China central bank assures "ample" liquidity to sustain economic recovery

07 May 2009

China's economy is fairing "better than expected" in the first quarter of 2009, and the country's central bank will follow a moderately loose monetary policy and with "ample" liquidity in the financial system to sustain economic recovery, the People's Bank of China said in its quarterly report.

New loans increased by a record of 1.89 trillion yuan ($277 billion) in March, totalling 4.58 trillion yuan in the first quarter, nearly 5 trillion yuan allocated for new loans for the full year which is closed to being utilized in the first quarter itself.

The total new loans off-take started increasing from January when it recorded an increase to 252.1 billion yuan ($36.9 billion), in response to the government efforts to boost the economy. (See: China's ICBC reports rise in off-take of new loans in January)

In the first quarter of this year, China, unveiled a 4.58-trillion yuan ($670 billion) incentive in the form of new loans to boost growth. Earlier in November China had announced a $4-trillion-yuan ($585 billion) stimulus package to combat the global downturn.(See: China eyes fresh stimulus to jumpstart economy)

The country's financial institutions and enterprises would digest the huge amount of new loans in the following months, the report said. It also said that the central bank would continue to instruct financial institutions to extend new loans, despite the earlier surge.
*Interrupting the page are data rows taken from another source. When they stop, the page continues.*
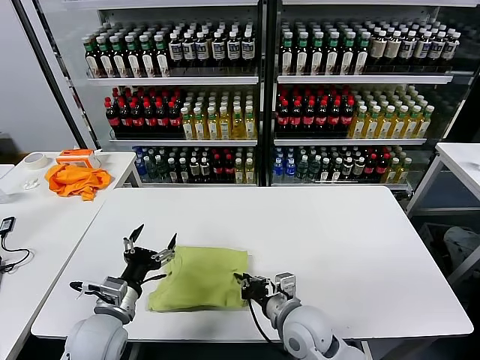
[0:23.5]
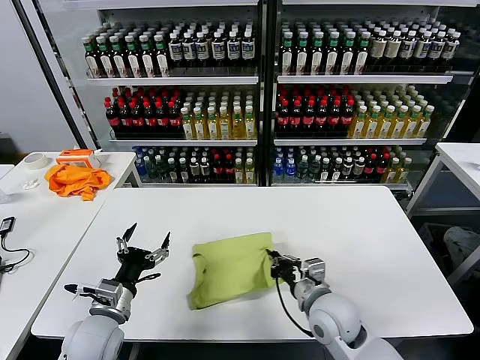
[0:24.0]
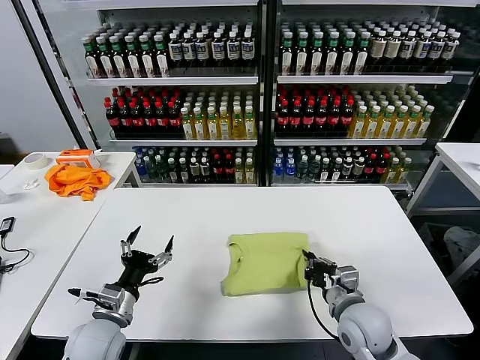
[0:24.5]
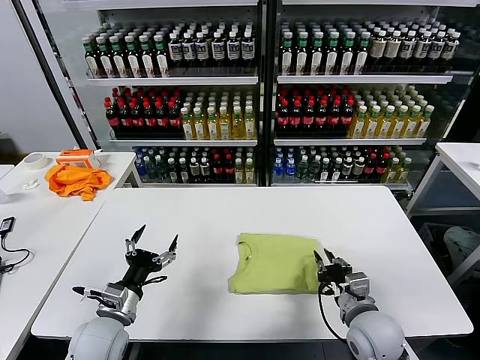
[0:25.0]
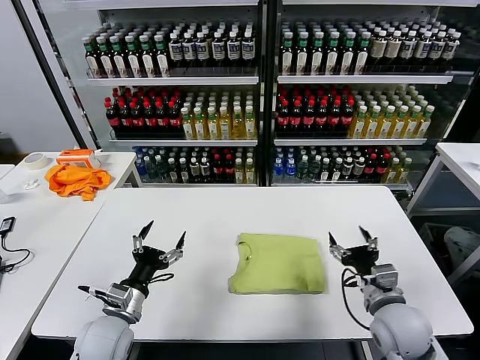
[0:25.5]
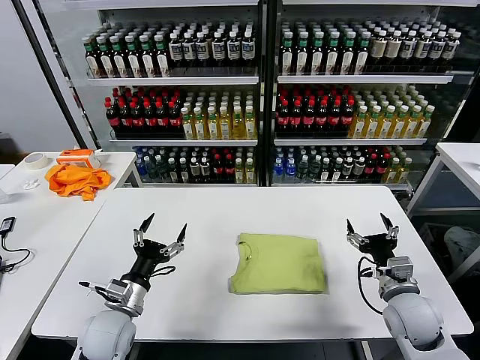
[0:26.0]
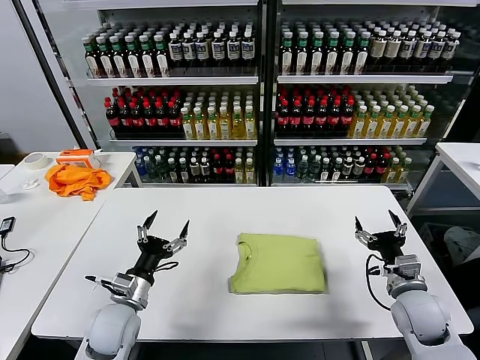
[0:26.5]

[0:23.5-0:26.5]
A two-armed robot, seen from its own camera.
Task of the whole recording: fold and organize the clothes.
0:23.5 to 0:25.0: The right gripper goes approximately 15 cm to the right.
0:25.0 to 0:26.5: The right gripper travels to the right by some 10 cm, and opens.

The pick-up in bank lending is conducive to stabilise the financial market and boosting market confidence, the report said.

The quarterly report also dispels concerns of a huge supply of loans in the first quarter could cause rise in property and other assets' prices leading to possible inflation.
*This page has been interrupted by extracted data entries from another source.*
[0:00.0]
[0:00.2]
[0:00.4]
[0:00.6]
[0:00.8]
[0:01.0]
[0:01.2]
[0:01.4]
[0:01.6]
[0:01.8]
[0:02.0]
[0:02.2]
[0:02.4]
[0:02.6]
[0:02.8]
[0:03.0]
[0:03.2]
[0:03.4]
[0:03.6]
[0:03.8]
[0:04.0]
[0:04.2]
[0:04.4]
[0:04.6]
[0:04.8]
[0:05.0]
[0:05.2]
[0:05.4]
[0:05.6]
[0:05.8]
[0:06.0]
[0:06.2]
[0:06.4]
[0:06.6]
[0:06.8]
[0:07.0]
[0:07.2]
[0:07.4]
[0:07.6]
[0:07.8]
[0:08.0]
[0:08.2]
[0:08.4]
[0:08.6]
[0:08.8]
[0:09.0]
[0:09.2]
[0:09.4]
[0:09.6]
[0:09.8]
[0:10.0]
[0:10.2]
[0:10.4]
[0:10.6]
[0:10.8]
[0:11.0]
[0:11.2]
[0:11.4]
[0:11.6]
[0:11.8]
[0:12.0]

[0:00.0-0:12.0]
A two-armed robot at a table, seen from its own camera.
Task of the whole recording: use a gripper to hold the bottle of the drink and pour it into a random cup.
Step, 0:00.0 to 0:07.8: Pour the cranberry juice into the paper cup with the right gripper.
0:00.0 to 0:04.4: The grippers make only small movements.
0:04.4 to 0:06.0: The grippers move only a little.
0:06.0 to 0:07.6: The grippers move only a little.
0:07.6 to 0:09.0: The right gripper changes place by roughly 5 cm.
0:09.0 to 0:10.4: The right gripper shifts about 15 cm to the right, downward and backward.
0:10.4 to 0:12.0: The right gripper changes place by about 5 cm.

The bank also advised lenders to improve credit quality to evade a possible rebound in bad loans.

The new lending from commercial banks was mainly focused on government-backed projects, the central bank said. More bank loans were encouraged to small and medium-sized projects as they play an important role in the national economy and in increasing employment.

According to analysts the policy dismisses speculation of increase in interest rates with the economy stabilising. "Positive changes have taken place in the economy and the situation was better than expected in the first quarter. But the foundation for a rebound is not yet solid," the report said.
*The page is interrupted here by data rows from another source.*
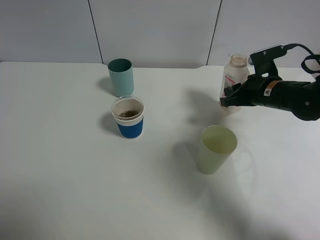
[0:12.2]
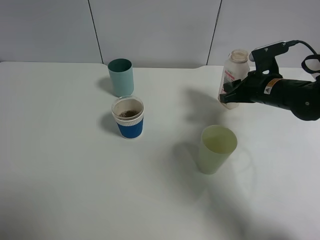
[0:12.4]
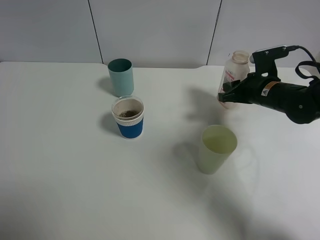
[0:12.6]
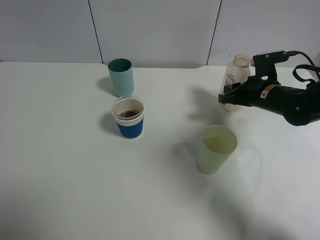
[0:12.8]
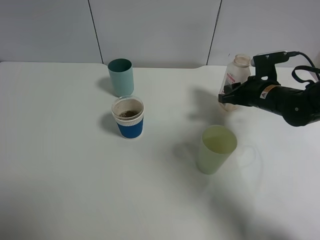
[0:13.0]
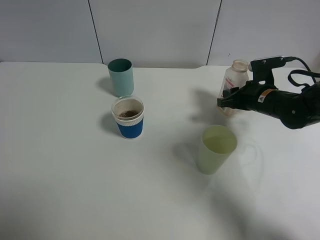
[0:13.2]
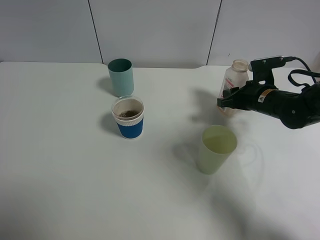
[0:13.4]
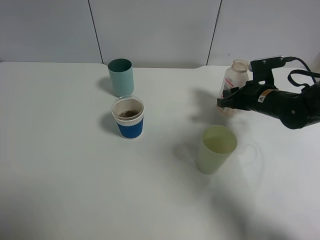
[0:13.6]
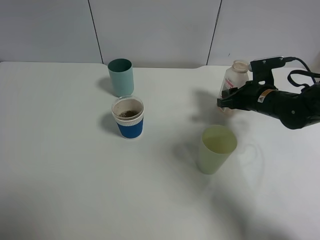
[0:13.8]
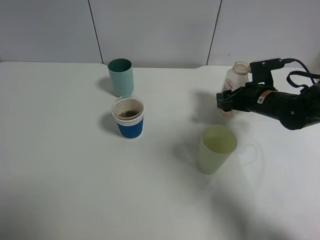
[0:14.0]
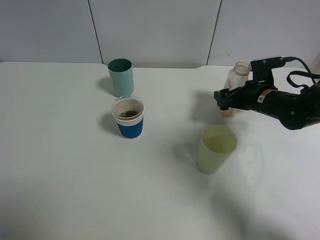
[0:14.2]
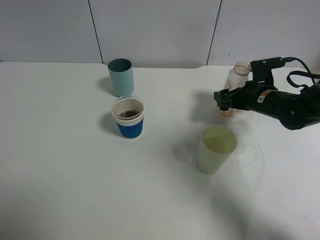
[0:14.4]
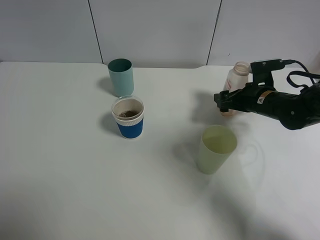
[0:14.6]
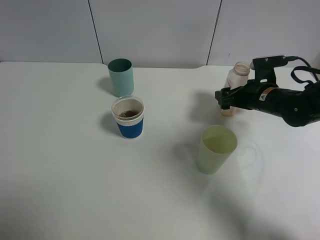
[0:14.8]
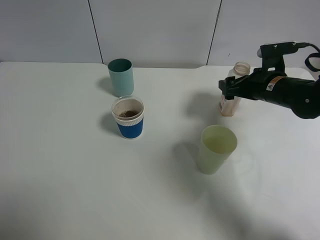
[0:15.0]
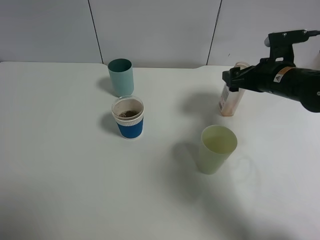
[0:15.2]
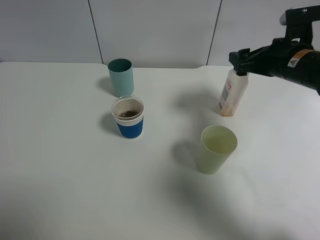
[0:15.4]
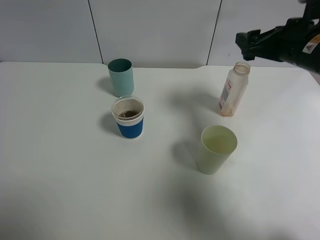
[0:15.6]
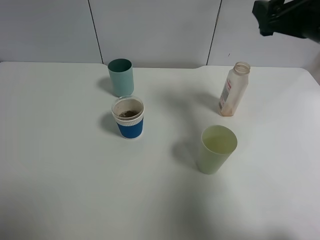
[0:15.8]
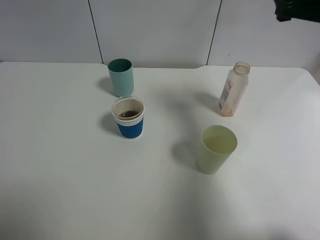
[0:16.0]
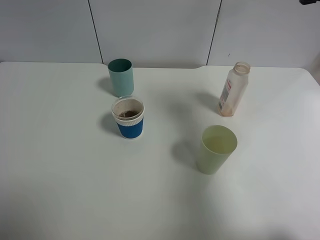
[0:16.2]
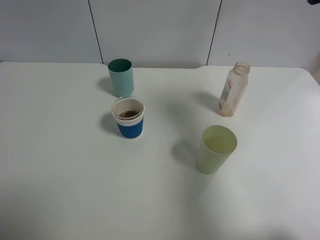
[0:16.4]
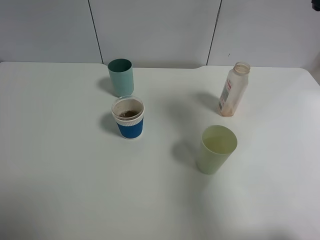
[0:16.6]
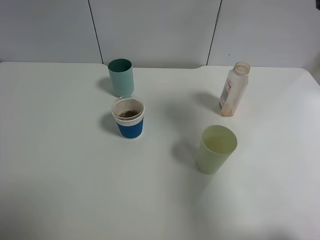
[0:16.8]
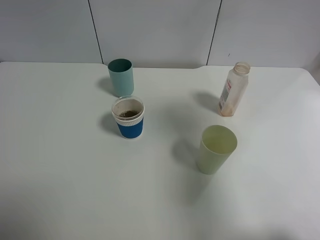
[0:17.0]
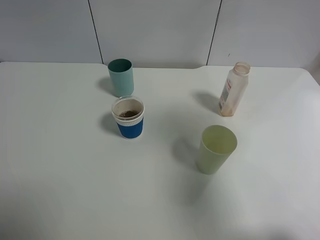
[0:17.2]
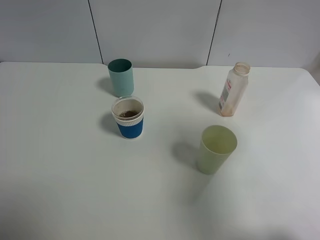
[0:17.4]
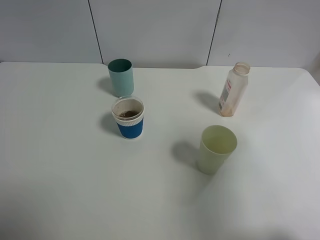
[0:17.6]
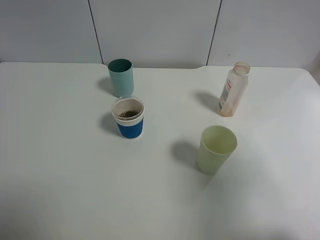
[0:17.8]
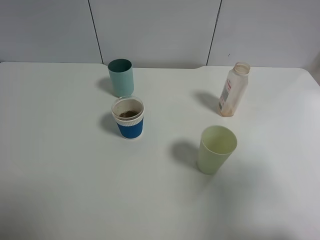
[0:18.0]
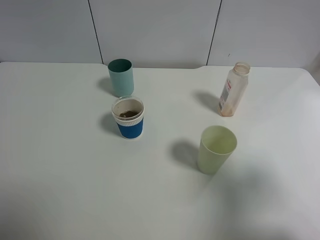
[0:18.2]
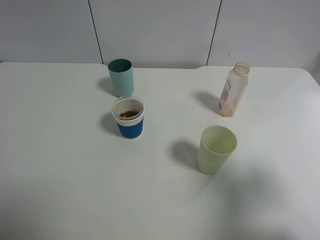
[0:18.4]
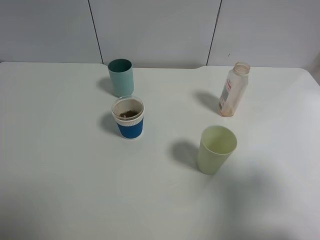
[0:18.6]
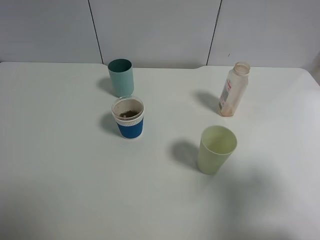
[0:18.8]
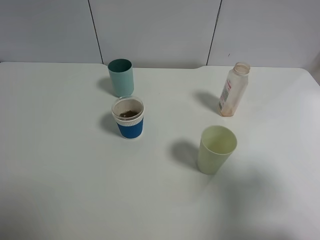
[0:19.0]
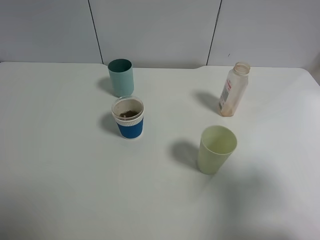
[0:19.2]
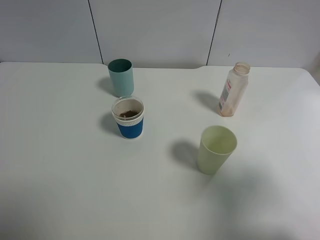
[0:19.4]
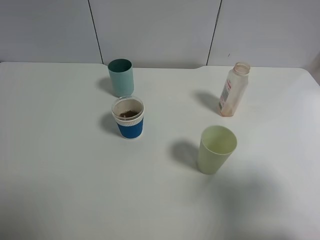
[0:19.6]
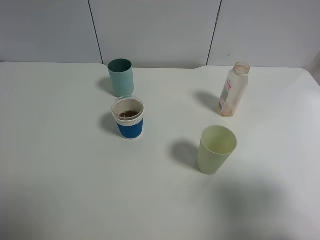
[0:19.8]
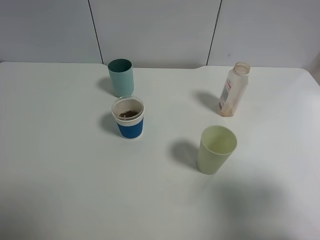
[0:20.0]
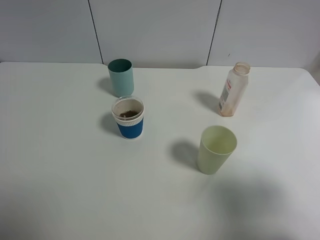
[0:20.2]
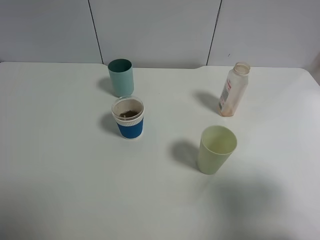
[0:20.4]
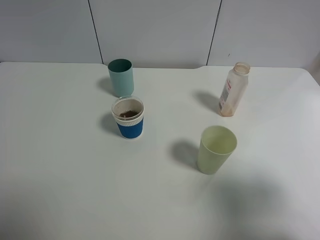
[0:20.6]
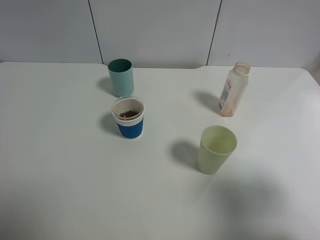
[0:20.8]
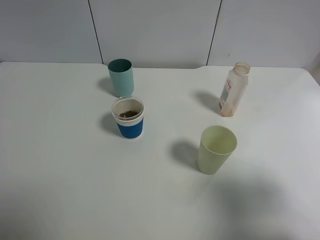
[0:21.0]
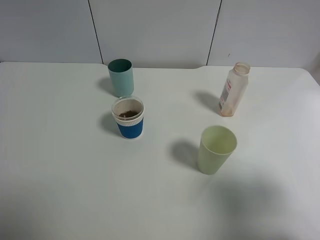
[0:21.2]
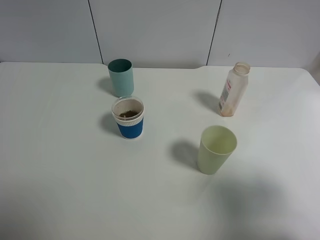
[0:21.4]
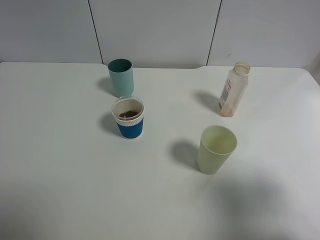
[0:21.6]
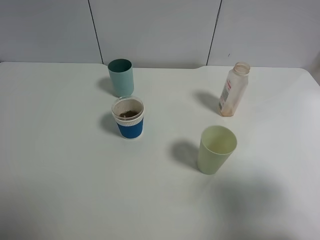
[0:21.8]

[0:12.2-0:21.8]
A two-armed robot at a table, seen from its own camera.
Task of the whole recording: use a gripper to hold the bottle of the drink and pour it into a random cup.
Step, 0:12.2 to 0:14.2: Place the cranberry juice bottle on the table with the right gripper.
0:12.2 to 0:13.8: The grippers make only small movements.
0:13.8 to 0:15.4: The right gripper travels upward by about 10 cm, and opens.
0:15.4 to 0:17.0: The right gripper is displaced upward and backward by some 20 cm.
0:17.0 to 0:18.6: The right gripper shifts roughly 15 cm backward and downward.
0:20.2 to 0:21.8: The two grippers keep their place.

The bank's statement confirms what prime minster Wen Jiabao said in Thailand on 11 April on the sidelines of the ASEAN Summit that the Chinese economy is showing signs of positive change from the ongoing global economic downturn.

The credit off-take needs to increase further in order to offset the impact of a worsening global economy, the report said.

The report added that the quarter-on-quarter growth was improving, compared to the fourth quarter of last year, without divulging any detailed data.

China's economy grew 6.1 per cent year-on-year in the first quarter, the lowest rate in 10 years, down from 9 per cent in the fourth quarter last year.(See: China's first quarter GDP at 10-year low)

The central bank also noted that foundations for the recovery were not solid, as uncertainties in external economies still exist and private investment is yet to become active with new lending concentrated on government projects.

The report said the country still has to battle against the financial crisis that is unfolding and a collapse in external demand is hurting exports. The bank also cautioned that overcapacity and insufficient demand may drive prices lower in the country with the world economy still in a downturn.

The country is also under great pressure to create enough jobs and from a slower growth in residents' income, which would suppress future consumption, it said.

It added that continued fall in prices may become less probable with the world recovery, a turnaround in the national economy and fast credit growth.

"Prices of primary products and assets may rebound quickly once investor confidence is restored, as the global credit is relatively loose thanks to injection of liquidity and stimulus packages across the world," the bank quarterly report said.

The central bank report also said that it was concerned about the extraordinary monetary policy adopted by other major economies which could result in inflation risks.

It made references to the quantitative easing policy adopted by the US, Japan, Britain and Switzerland of pumping cash into their economies to stimulate growth.